To act quickly, you need streamlined ways to share information. Automation won’t replace the job of an engineer, designer or manufacturer. Instead, it will help them focus on higher-value tasks, such as adding context and reasoning behind the product design. Additionally, integrating automation into assembly and testing processes can reduce the reliance on offshore labor. Designing products to incorporate automation facilitates greater flexibility to leverage local talent and mitigate on supply chain fluctuations.

 

Key takeaways

Inaccurate data in manufacturing can result in time-consuming data entry, errors due to manual processes or data omissions, and rework loops. Strengthening communication between design engineers and manufacturers is critical for bringing innovative products to market quickly and successfully. 

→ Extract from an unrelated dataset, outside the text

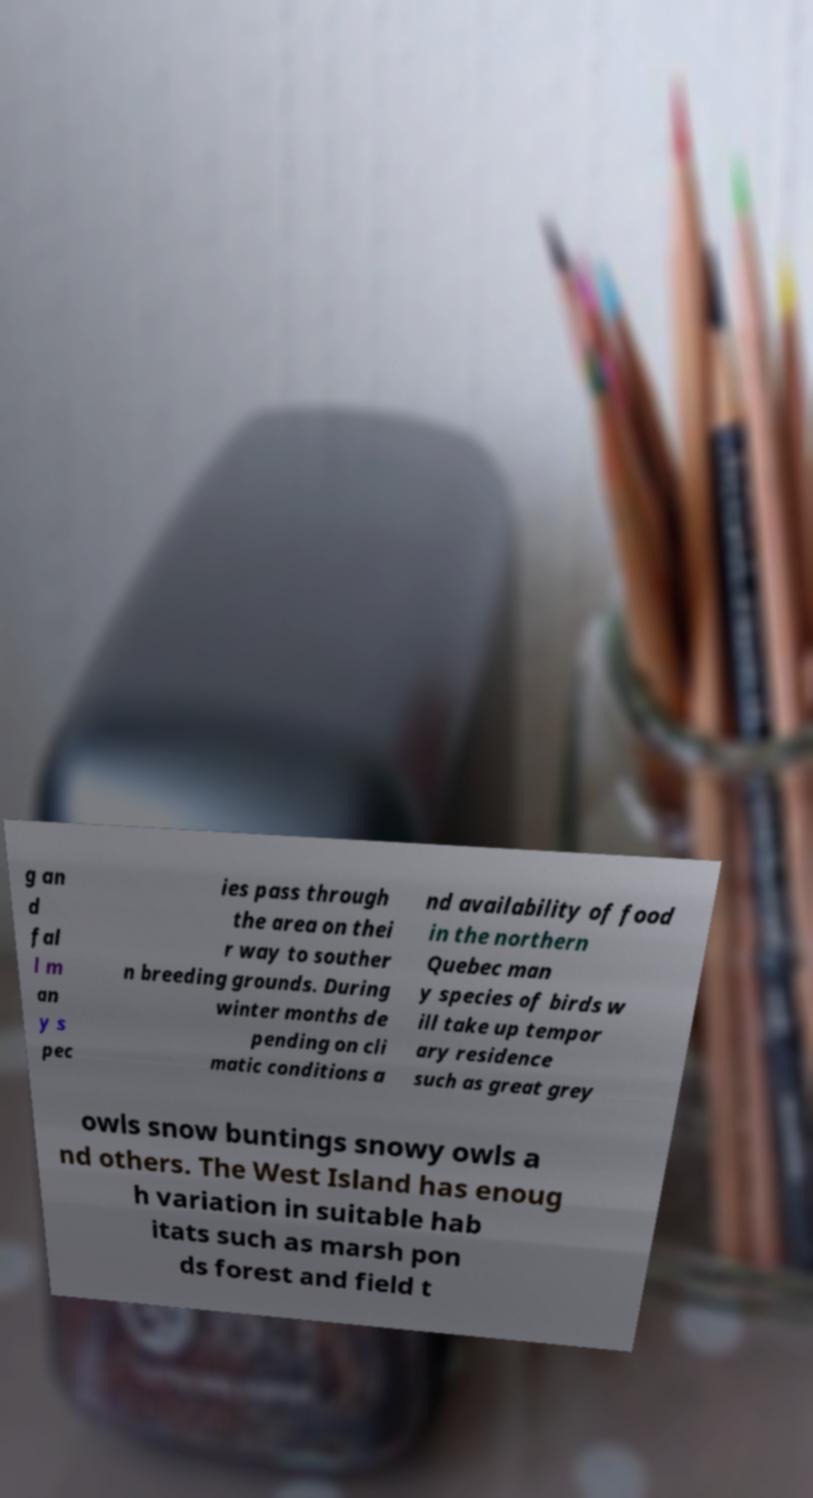Could you extract and type out the text from this image? g an d fal l m an y s pec ies pass through the area on thei r way to souther n breeding grounds. During winter months de pending on cli matic conditions a nd availability of food in the northern Quebec man y species of birds w ill take up tempor ary residence such as great grey owls snow buntings snowy owls a nd others. The West Island has enoug h variation in suitable hab itats such as marsh pon ds forest and field t

Product designers and manufacturers should leverage tools and strategies, including:

  • Design for Manufacturability (DFM) to help identify and address potential manufacturing issues before they become costly problems. Getting input from manufacturers and building prototypes can help.
  • Integrating software applications like PLM and MES. Automating and synchronizing data sharing between engineering and manufacturing teams avoids inaccuracies that hamper productivity.
  • Clearly defining roles and responsibilities to prevent complications from independent changes. It would help if you established and regularly communicated a decision-making process to maintain efficiency.

Learn how Duro facilitates accurate data and collaboration

Duro provides an easily accessible central product lifecycle management platform that allows you to share updates with team members via Slack or Jira easily. Additionally, you can efficiently update design and BOM information with external suppliers and manufacturers for review at any stage in the product development process. Request a demo to learn more.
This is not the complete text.